The Count stood and hit his head against the ceiling.
“One moment,” he called, rubbing his crown and rummaging through his trunk for a robe. Once suitably attired, he opened the door to find an industrious young fellow standing in the hall with the Count’s daily breakfast—a pot of coffee, two biscuits, and a piece of fruit (today a plum).
“Well done, Yuri! Come in, come in. Set it there, set it there.”
As Yuri arranged the breakfast on top of the trunk, the Count sat at the Grand Duke’s desk and penned a quick note to one Konstantin Konstantinovich of Durnovksi Street.
“Would you be so kind as to have this delivered, my boy?”
Never one to shirk, Yuri happily took the note, p
romised to relay it by hand, and accepted a tip with a bow. Then at the threshold he paused.
“Shall I . . . leave the door ajar?”
It was a reasonable question. For the room was rather stuffy, and on the sixth floor there was hardly much risk of one’s privacy being compromised.
“Please do.”
As Yuri’s steps sounded down the belfry, the Count placed his napkin in his lap, poured a cup of coffee, and graced it with a few drops of cream. Taking his first sip, he noted with satisfaction that young Yuri must have sprinted up the extra three flights of stairs because the coffee was not one degree colder than usual.

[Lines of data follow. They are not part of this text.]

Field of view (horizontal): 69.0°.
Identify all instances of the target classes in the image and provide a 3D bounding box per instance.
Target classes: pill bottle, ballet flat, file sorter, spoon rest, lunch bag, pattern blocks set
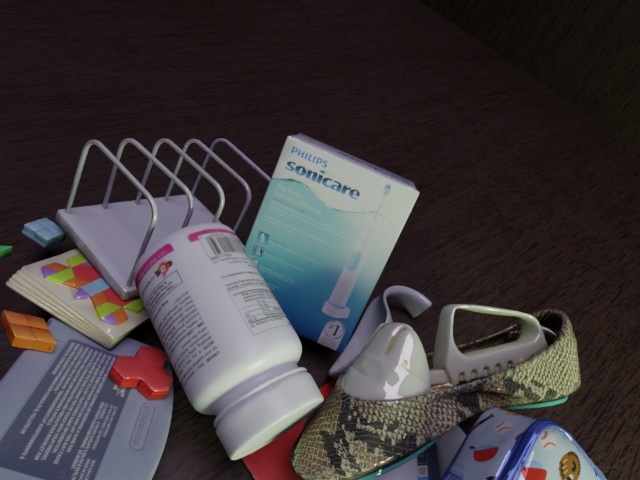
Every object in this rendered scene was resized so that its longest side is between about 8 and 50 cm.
[{"bbox_3d":[-0.125,0.129,0.632,0.160,0.160,0.283,-18,62,-35],"label":"pill bottle"},{"bbox_3d":[0.176,0.184,0.671,0.483,0.182,0.164,-8,9,-22],"label":"ballet flat"},{"bbox_3d":[-0.242,-0.060,0.781,0.193,0.173,0.277,42,30,19],"label":"file sorter"},{"bbox_3d":[0.102,0.152,0.816,0.084,0.137,0.276,50,37,9],"label":"spoon rest"},{"bbox_3d":[0.264,0.379,0.565,0.303,0.115,0.243,50,62,-15],"label":"lunch bag"},{"bbox_3d":[-0.329,0.077,0.684,0.325,0.026,0.285,29,20,-9],"label":"pattern blocks set"}]

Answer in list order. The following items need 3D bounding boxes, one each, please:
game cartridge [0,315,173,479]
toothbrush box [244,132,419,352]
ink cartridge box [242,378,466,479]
[{"bbox_3d":[-0.280,0.213,0.546,0.198,0.062,0.297,31,16,-17],"label":"game cartridge"},{"bbox_3d":[0.000,0.000,0.773,0.216,0.295,0.126,22,17,0],"label":"toothbrush box"},{"bbox_3d":[0.069,0.319,0.676,0.296,0.066,0.261,-23,61,-37],"label":"ink cartridge box"}]
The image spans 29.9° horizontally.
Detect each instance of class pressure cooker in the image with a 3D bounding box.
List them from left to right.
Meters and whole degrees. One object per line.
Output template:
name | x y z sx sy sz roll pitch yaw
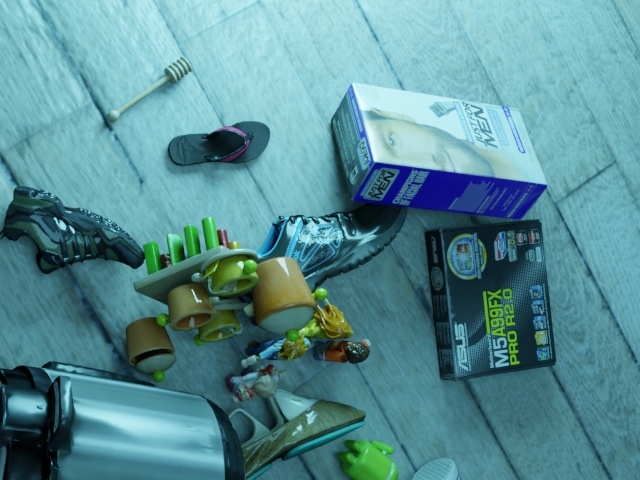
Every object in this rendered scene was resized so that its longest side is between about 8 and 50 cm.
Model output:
pressure cooker | -0.352 0.358 1.639 0.420 0.375 0.370 13 85 -26

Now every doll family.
doll family | -0.041 0.169 1.930 0.262 0.163 0.118 -19 94 -24

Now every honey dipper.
honey dipper | -0.278 -0.242 1.929 0.160 0.030 0.030 -37 101 -19

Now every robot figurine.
robot figurine | 0.083 0.384 2.024 0.115 0.067 0.101 40 67 -17

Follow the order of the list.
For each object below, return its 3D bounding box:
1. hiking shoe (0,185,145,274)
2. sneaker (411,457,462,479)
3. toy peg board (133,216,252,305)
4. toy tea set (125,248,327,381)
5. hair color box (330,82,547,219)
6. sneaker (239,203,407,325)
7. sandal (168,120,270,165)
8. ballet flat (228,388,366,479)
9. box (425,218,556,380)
hiking shoe | -0.384 0.005 1.844 0.226 0.086 0.114 27 92 -17
sneaker | 0.185 0.499 1.994 0.282 0.102 0.161 -35 111 -54
toy peg board | -0.184 0.036 1.863 0.160 0.161 0.079 33 40 -58
toy tea set | -0.152 0.134 1.821 0.200 0.336 0.124 4 60 -44
hair color box | 0.203 -0.151 2.055 0.338 0.110 0.185 4 51 -23
sneaker | 0.000 0.000 1.984 0.340 0.125 0.140 -35 96 -24
sandal | -0.160 -0.157 1.967 0.179 0.040 0.067 -13 91 -25
ballet flat | -0.089 0.319 1.942 0.342 0.116 0.124 -26 79 -19
box | 0.306 0.104 2.149 0.216 0.060 0.270 -5 88 -25

But while he was liberating a wedge of the plum from its pit with his paring knife, the Count happened to note a silvery shadow, as seemingly insubstantial as a puff of smoke, slipping behind his trunk. Leaning to his side in order to peer around a high-back chair, the Count discovered that this will-o’-the-wisp was none other than the Metropol’s lobby cat. A one-eyed Russian blue who let nothing within the hotel’s walls escape his notice, he had apparently come to the attic to review the Count’s new quarters for himself. Stepping from the shadows, he leapt from the floor to the Ambassador, from the Ambassador to the side table, and from the side table to the top of the three-legged bureau, without making a sound. Having achieved this vantage point, he gave the room a good hard look then shook his head in feline disappointment.
“Yes,” said the Count after completing his own survey. “I see what you mean.”
The crowded confusion of furniture gave the Count’s little domain the look of a consignment shop in the Arbat. In a room this size, he could have made do with a single high-back chair, a single bedside table, and a single lamp. He could have made do without his grandmother’s Limoges altogether.